For the ‘Ready to Wear’ group, Dimeji and I felt it was important to create a set of images that looked like they could be shared or blogged globally but also felt distinctly Nigerian. We wanted the location to be recognisable in that was in Lagos, but also have an international ’Street style’ feel. We chose Tafawa Balewa Square, which is a familiar landmark but also picked some side streets which looked more neutral, and so it didn't look obvious or 'touristy' to a Lagos audience.
I see a lot of your work is centred around the young, the fresh and the street! How would you compare that to the Nigerian community who are very proud and embrace in their heritage and traditional dress?
Whats interesting is where these two worlds meet and how young people incorporate elements of their heritage into the new looks and styles. A lot of young designers are working with traditional print fabrics, for example some of the designers in the group I worked with; Conae Insignia who uses ‘George’ fabric, but there is also an assertion that Nigerian designers don’t necessarily have to work with print to be making designs that are relevant that bring in elements of heritage.
As a well-established industry photographer how important is a fashion image?
A fashion image is crucial as its what will sell the clothes and in the case of a project like this one give an emerging label a visual identity.
What was the most inspiring part of your visit?
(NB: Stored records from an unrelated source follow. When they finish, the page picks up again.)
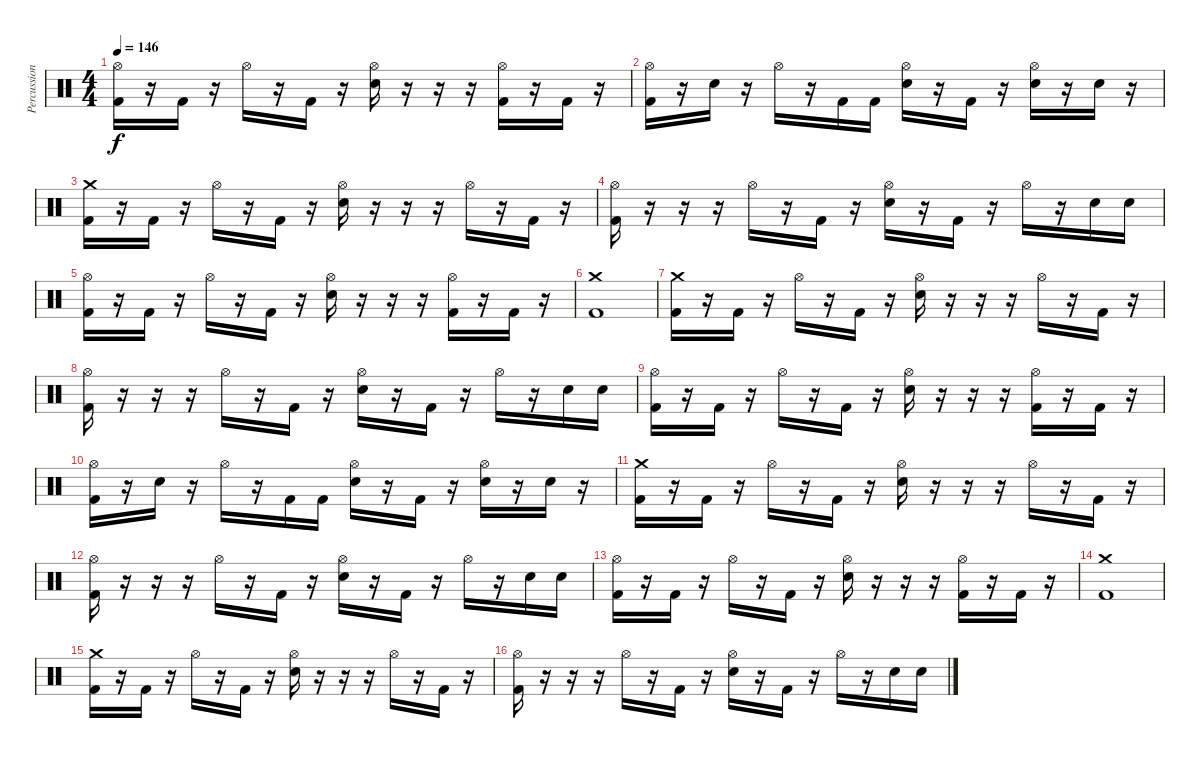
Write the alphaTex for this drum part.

\track ("Percussion" "Percussion") {instrument percussion}
\staff {score}
\articulation defaults
\ts (4 4)
\tempo 146
\clef neutral
\ks c
("Hi-Hat (open)" "Kick (hit) 2").16{dy f} r.16 "Kick (hit) 2".16 r.16 "Hi-Hat (open)".16 r.16 "Kick (hit) 2".16 r.16 ("Hi-Hat (open)" "Snare (hit) 2").16 r.16 r.16 r.16 ("Hi-Hat (open)" "Kick (hit) 2").16 r.16 "Kick (hit) 2".16 r.16 |
("Hi-Hat (open)" "Kick (hit) 2").16 r.16 "Snare (hit) 2".16 r.16 "Hi-Hat (open)".16 r.16 "Kick (hit) 2".16 "Kick (hit) 2".16 ("Hi-Hat (open)" "Snare (hit) 2").16 r.16 "Kick (hit) 2".16 r.16 ("Hi-Hat (open)" "Snare (hit) 2").16 r.16 "Snare (hit) 2".16 r.16 |
("Crash medium (hit)" "Kick (hit) 2").16 r.16 "Kick (hit) 2".16 r.16 "Hi-Hat (open)".16 r.16 "Kick (hit) 2".16 r.16 ("Hi-Hat (open)" "Snare (hit) 2").16 r.16 r.16 r.16 "Hi-Hat (open)".16 r.16 "Kick (hit) 2".16 r.16 |
("Hi-Hat (open)" "Kick (hit) 2").16 r.16 r.16 r.16 "Hi-Hat (open)".16 r.16 "Kick (hit) 2".16 r.16 ("Hi-Hat (open)" "Snare (hit) 2").16 r.16 "Kick (hit) 2".16 r.16 "Hi-Hat (open)".16 r.16 "Snare (hit) 2".16 "Snare (hit) 2".16 |
("Hi-Hat (open)" "Kick (hit) 2").16 r.16 "Kick (hit) 2".16 r.16 "Hi-Hat (open)".16 r.16 "Kick (hit) 2".16 r.16 ("Hi-Hat (open)" "Snare (hit) 2").16 r.16 r.16 r.16 ("Hi-Hat (open)" "Kick (hit) 2").16 r.16 "Kick (hit) 2".16 r.16 |
("Crash medium (hit)" "Kick (hit) 2").1 |
("Crash medium (hit)" "Kick (hit) 2").16 r.16 "Kick (hit) 2".16 r.16 "Hi-Hat (open)".16 r.16 "Kick (hit) 2".16 r.16 ("Hi-Hat (open)" "Snare (hit) 2").16 r.16 r.16 r.16 "Hi-Hat (open)".16 r.16 "Kick (hit) 2".16 r.16 |
("Hi-Hat (open)" "Kick (hit) 2").16 r.16 r.16 r.16 "Hi-Hat (open)".16 r.16 "Kick (hit) 2".16 r.16 ("Hi-Hat (open)" "Snare (hit) 2").16 r.16 "Kick (hit) 2".16 r.16 "Hi-Hat (open)".16 r.16 "Snare (hit) 2".16 "Snare (hit) 2".16 |
("Hi-Hat (open)" "Kick (hit) 2").16 r.16 "Kick (hit) 2".16 r.16 "Hi-Hat (open)".16 r.16 "Kick (hit) 2".16 r.16 ("Hi-Hat (open)" "Snare (hit) 2").16 r.16 r.16 r.16 ("Hi-Hat (open)" "Kick (hit) 2").16 r.16 "Kick (hit) 2".16 r.16 |
("Hi-Hat (open)" "Kick (hit) 2").16 r.16 "Snare (hit) 2".16 r.16 "Hi-Hat (open)".16 r.16 "Kick (hit) 2".16 "Kick (hit) 2".16 ("Hi-Hat (open)" "Snare (hit) 2").16 r.16 "Kick (hit) 2".16 r.16 ("Hi-Hat (open)" "Snare (hit) 2").16 r.16 "Snare (hit) 2".16 r.16 |
("Crash medium (hit)" "Kick (hit) 2").16 r.16 "Kick (hit) 2".16 r.16 "Hi-Hat (open)".16 r.16 "Kick (hit) 2".16 r.16 ("Hi-Hat (open)" "Snare (hit) 2").16 r.16 r.16 r.16 "Hi-Hat (open)".16 r.16 "Kick (hit) 2".16 r.16 |
("Hi-Hat (open)" "Kick (hit) 2").16 r.16 r.16 r.16 "Hi-Hat (open)".16 r.16 "Kick (hit) 2".16 r.16 ("Hi-Hat (open)" "Snare (hit) 2").16 r.16 "Kick (hit) 2".16 r.16 "Hi-Hat (open)".16 r.16 "Snare (hit) 2".16 "Snare (hit) 2".16 |
("Hi-Hat (open)" "Kick (hit) 2").16 r.16 "Kick (hit) 2".16 r.16 "Hi-Hat (open)".16 r.16 "Kick (hit) 2".16 r.16 ("Hi-Hat (open)" "Snare (hit) 2").16 r.16 r.16 r.16 ("Hi-Hat (open)" "Kick (hit) 2").16 r.16 "Kick (hit) 2".16 r.16 |
("Crash medium (hit)" "Kick (hit) 2").1 |
("Crash medium (hit)" "Kick (hit) 2").16 r.16 "Kick (hit) 2".16 r.16 "Hi-Hat (open)".16 r.16 "Kick (hit) 2".16 r.16 ("Hi-Hat (open)" "Snare (hit) 2").16 r.16 r.16 r.16 "Hi-Hat (open)".16 r.16 "Kick (hit) 2".16 r.16 |
("Hi-Hat (open)" "Kick (hit) 2").16 r.16 r.16 r.16 "Hi-Hat (open)".16 r.16 "Kick (hit) 2".16 r.16 ("Hi-Hat (open)" "Snare (hit) 2").16 r.16 "Kick (hit) 2".16 r.16 "Hi-Hat (open)".16 r.16 "Snare (hit) 2".16 "Snare (hit) 2".16

Has this experience changed how you see international collaboration?
In itself it was inspiring to be able to collaborate with a team a thousand miles away and make something in such a short time-frame, being thrown together and having less than a week to create a shoot was exciting, almost like being part of an ‘Apprentice’ like task, except everyone was nice to each other.
Fashion and arts are a global language, I guess this is what makes it possible and this along with some great pre-planning by the powers that be at The British Council.
It was really inspiring to visit Alara, the contemporary African design store, and also to see how young Nigerians are proud of their heritage how this sensibility influences their creative designs and outputs.